How Bernhard Schölkopf might approach Computer Science
The discipline we now term "Computer Science" presents a curious paradox. On one hand, its roots are firmly planted in the rigorous, deductive reasoning of mathematics and logic. We build systems based on precisely defined operations, sequences of instructions that, when followed, yield predictable outcomes. This is the bedrock upon which formal methods and algorithmic analysis are built – a testament to the power of abstraction and mechanical execution.
Yet, a significant portion of this field, particularly what has come to be known as "machine learning" in recent years, often seems to shy away from this foundational rigor. We observe remarkable empirical successes – systems that can recognize patterns in images, translate languages, and even generate novel text. But what is the underlying principle? Too often, it appears to be a sophisticated form of curve fitting, a highly advanced correlation mining.

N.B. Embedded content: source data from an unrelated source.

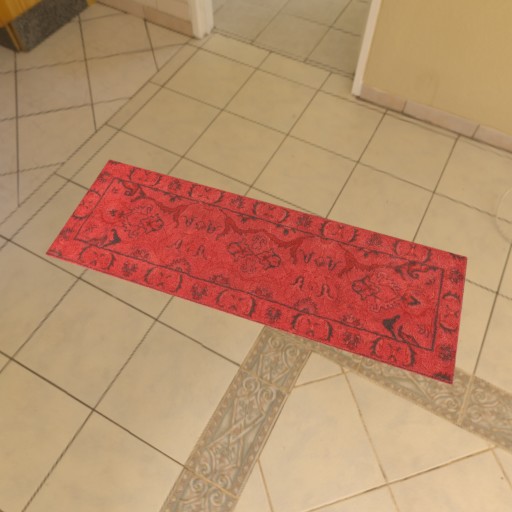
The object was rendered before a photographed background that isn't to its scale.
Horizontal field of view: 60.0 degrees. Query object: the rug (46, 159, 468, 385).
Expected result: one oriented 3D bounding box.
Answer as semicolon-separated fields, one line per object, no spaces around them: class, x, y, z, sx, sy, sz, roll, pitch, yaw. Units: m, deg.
rug;0.000;0.000;2.698;2.439;0.018;0.813;16;61;9
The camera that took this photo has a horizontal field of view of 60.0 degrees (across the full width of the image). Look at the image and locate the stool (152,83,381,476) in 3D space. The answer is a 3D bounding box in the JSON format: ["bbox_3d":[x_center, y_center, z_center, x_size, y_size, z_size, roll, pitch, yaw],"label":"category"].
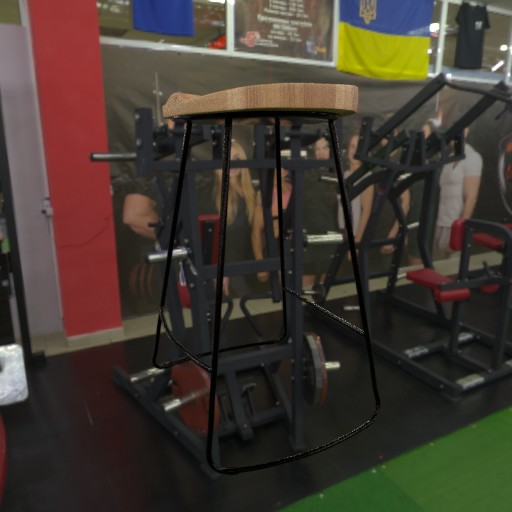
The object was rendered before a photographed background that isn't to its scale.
[{"bbox_3d":[0.000,0.000,0.965,0.401,0.679,0.480,-7,16,-26],"label":"stool"}]
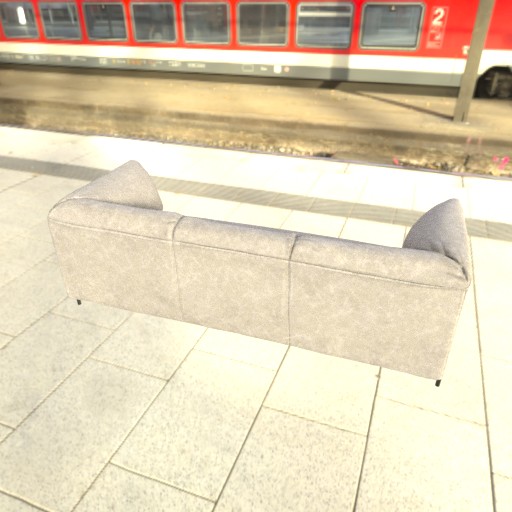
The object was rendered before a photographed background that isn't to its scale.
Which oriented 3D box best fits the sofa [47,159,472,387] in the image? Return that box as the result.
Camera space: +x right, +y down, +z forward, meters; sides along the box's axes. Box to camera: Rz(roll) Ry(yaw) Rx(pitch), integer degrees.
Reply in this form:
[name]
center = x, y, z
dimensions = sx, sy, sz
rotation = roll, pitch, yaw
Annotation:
[sofa]
center = 0.000, 0.000, 2.670
dimensions = 2.238, 0.758, 0.899
rotation = 10, 32, 16
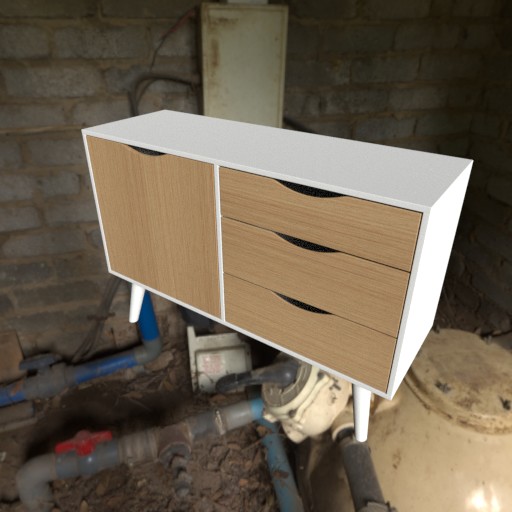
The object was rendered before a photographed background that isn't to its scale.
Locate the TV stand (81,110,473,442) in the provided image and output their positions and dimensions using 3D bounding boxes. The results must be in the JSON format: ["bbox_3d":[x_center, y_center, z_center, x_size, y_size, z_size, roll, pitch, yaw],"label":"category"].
[{"bbox_3d":[0.000,0.000,1.586,1.193,0.812,0.406,19,35,30],"label":"TV stand"}]
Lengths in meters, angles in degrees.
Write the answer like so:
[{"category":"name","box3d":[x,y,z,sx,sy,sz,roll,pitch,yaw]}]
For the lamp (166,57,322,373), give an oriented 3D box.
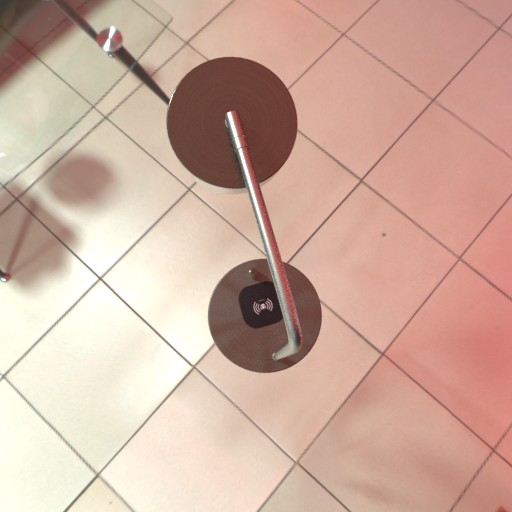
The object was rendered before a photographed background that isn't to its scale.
[{"category":"lamp","box3d":[0.000,0.000,0.635,0.211,0.469,0.334,-15,76,-4]}]
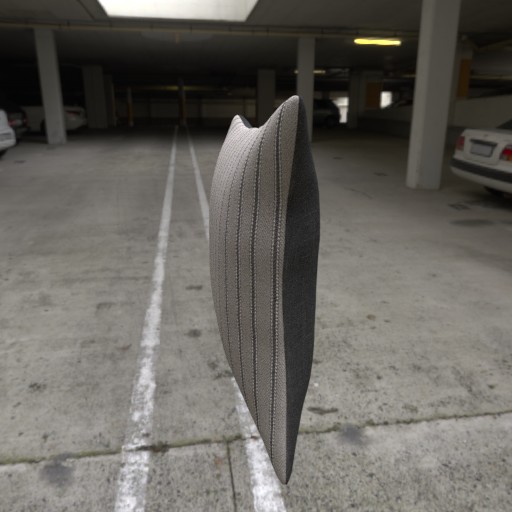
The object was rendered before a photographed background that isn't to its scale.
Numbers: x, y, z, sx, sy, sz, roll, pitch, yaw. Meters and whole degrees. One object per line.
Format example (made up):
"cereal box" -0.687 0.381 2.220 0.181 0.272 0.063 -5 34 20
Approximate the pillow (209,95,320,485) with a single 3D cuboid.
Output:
"pillow" 0.000 0.000 0.694 0.138 0.444 0.468 -3 16 -9
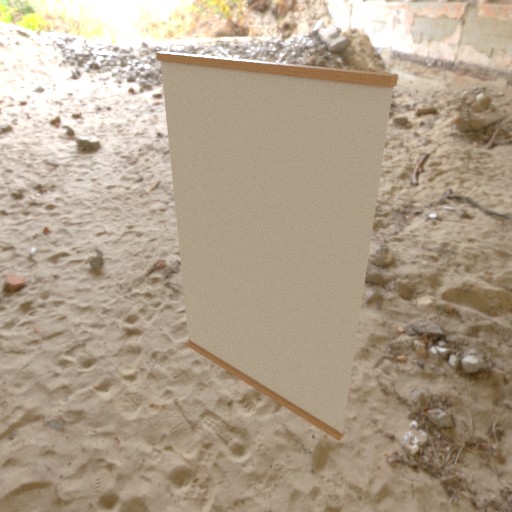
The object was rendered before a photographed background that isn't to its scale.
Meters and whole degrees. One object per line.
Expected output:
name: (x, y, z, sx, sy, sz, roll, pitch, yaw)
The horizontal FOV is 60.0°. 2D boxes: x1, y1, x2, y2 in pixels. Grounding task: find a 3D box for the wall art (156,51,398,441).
wall art: (0.000, 0.000, 1.868, 0.991, 1.510, 0.040, 22, 37, 33)
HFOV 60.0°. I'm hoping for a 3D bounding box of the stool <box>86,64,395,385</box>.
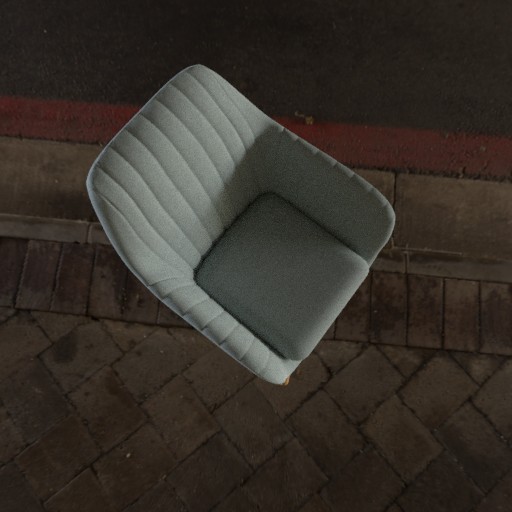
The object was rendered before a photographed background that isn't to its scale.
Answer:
[{"bbox_3d":[0.000,0.000,1.209,0.590,0.830,0.503,37,78,9],"label":"stool"}]
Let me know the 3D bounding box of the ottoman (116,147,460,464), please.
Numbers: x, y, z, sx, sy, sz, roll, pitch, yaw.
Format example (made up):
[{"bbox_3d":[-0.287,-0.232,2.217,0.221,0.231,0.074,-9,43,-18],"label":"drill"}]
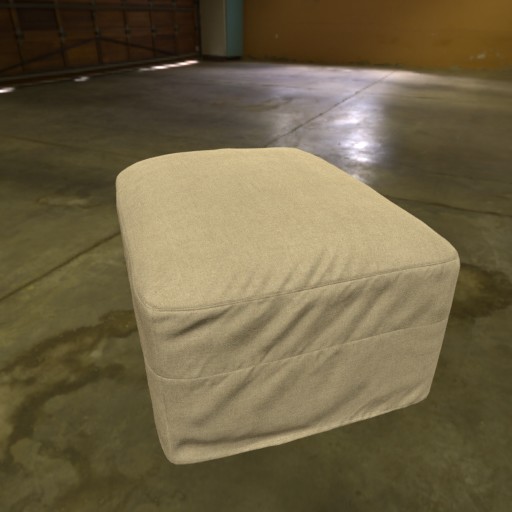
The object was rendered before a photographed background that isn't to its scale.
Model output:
[{"bbox_3d":[0.000,0.000,1.217,0.683,0.481,0.837,-9,30,-17],"label":"ottoman"}]
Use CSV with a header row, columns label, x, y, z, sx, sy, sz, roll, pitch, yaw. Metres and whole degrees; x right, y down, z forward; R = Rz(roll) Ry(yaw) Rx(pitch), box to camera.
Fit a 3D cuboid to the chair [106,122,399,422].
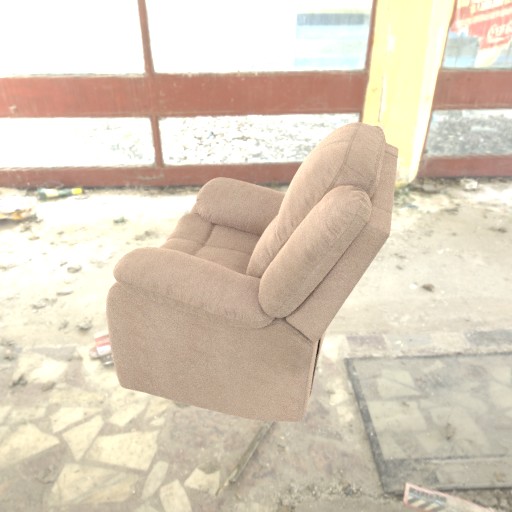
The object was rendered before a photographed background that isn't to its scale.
label,x,y,z,sx,sy,sz,roll,pitch,yaw
chair,0.000,0.000,1.730,0.944,1.008,0.899,9,31,15
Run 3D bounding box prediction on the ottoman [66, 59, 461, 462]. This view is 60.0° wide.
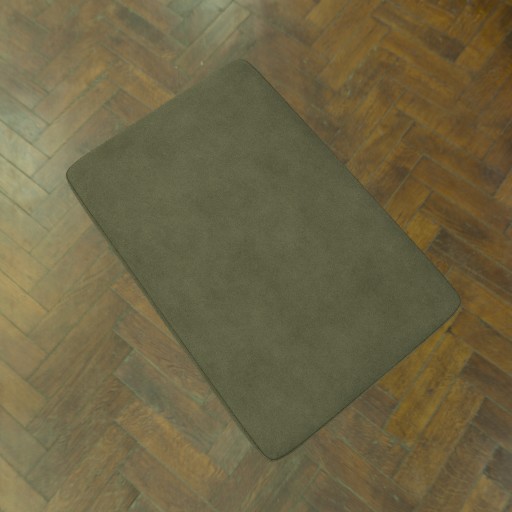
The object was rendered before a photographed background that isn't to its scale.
[{"bbox_3d":[0.000,0.000,1.210,0.584,0.483,0.864,-36,77,-10],"label":"ottoman"}]
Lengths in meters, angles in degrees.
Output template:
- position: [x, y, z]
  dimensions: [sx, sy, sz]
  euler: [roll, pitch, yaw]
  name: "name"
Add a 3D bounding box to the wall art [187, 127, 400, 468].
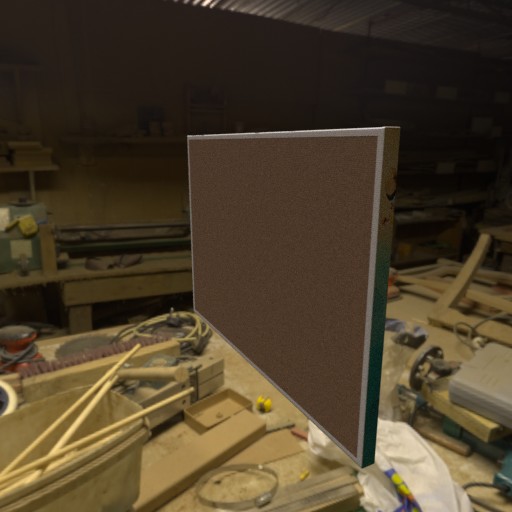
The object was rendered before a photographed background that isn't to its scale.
- position: [0.000, 0.000, 1.436]
  dimensions: [0.040, 0.769, 1.136]
  euler: [-7, 16, -27]
  name: "wall art"
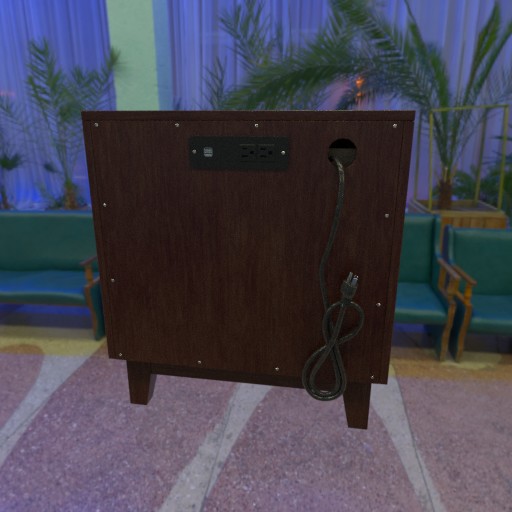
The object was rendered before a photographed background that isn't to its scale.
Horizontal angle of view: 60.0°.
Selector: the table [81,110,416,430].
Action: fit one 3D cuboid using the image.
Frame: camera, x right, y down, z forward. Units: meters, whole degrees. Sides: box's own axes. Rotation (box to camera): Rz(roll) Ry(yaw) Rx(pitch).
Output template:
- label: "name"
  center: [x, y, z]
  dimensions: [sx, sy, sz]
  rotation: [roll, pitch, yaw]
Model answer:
- label: "table"
  center: [0.000, 0.000, 0.982]
  dimensions: [0.557, 0.609, 0.449]
  rotation: [3, 18, 9]
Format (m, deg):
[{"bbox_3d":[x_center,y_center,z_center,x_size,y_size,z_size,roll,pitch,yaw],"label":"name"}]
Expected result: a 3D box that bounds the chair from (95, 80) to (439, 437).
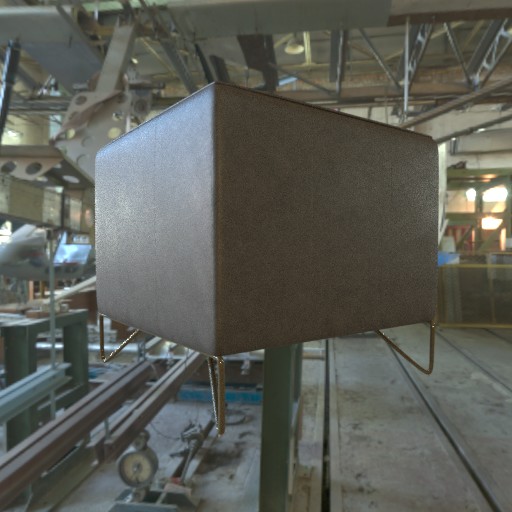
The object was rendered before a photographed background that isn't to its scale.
[{"bbox_3d":[0.000,0.000,1.557,0.880,0.790,0.894,-1,1,-36],"label":"chair"}]
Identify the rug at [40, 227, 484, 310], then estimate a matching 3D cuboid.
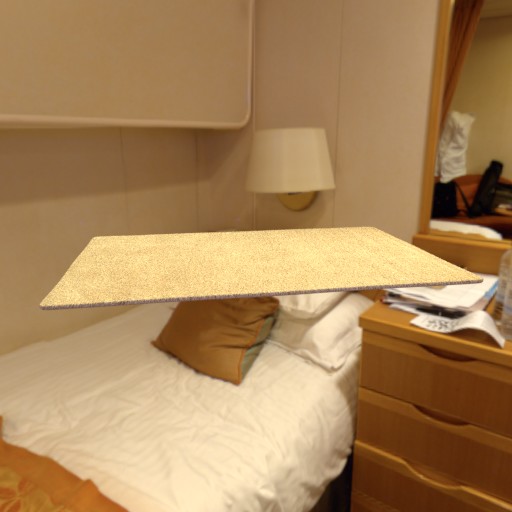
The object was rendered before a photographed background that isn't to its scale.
[{"bbox_3d":[0.000,0.000,2.995,2.349,0.025,1.500,-3,16,-10],"label":"rug"}]
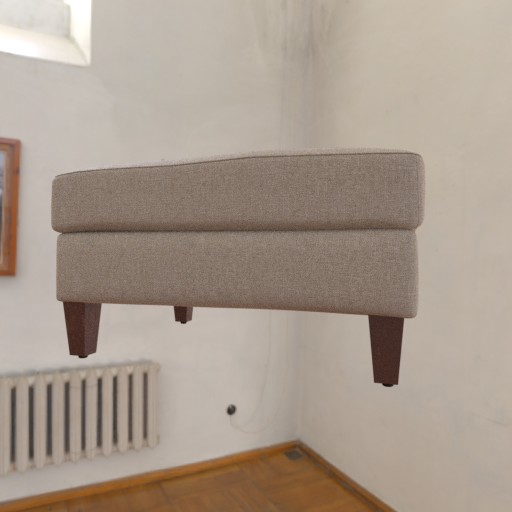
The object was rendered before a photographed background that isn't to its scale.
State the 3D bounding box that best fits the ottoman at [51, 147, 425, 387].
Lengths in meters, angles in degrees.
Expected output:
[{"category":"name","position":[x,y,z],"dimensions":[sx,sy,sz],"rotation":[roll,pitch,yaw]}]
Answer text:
[{"category":"ottoman","position":[0.000,0.000,1.285],"dimensions":[0.898,0.519,0.677],"rotation":[0,1,18]}]
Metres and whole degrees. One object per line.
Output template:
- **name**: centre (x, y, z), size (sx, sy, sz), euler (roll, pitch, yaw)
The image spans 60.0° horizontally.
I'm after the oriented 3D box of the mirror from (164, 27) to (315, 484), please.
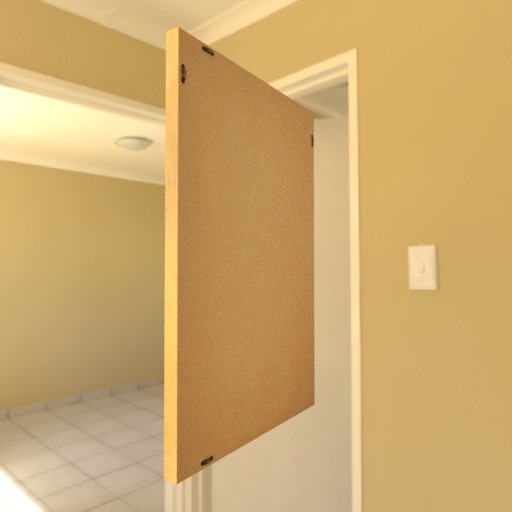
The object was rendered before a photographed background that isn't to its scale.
- **mirror**: centre (0.000, 0.000, 1.146), size (0.040, 0.915, 0.609), euler (-1, -2, 34)

This is where the distinction between correlation and causation becomes paramount. While correlation is indeed a hint, it is a weak one when our goal is to build truly intelligent and robust systems. The impressive capabilities we witness are, in many instances, brittle. They fail when faced with situations that deviate even slightly from the patterns observed in their training data. They lack the ability to *understand* the underlying data-generating process.
My work has long been dedicated to bridging this gap. By leveraging concepts like kernel methods, we can implicitly operate in spaces of immense complexity, allowing us to capture nuanced relationships. More critically, by focusing on causal inference and the identification of independent mechanisms, we can move beyond mere pattern recognition towards systems that can reason about interventions and generalize…
Imagined perspective — an AI synthesis grounded in Bernhard Schölkopf’s recorded ideas and methods, not a quotation or a statement they actually made.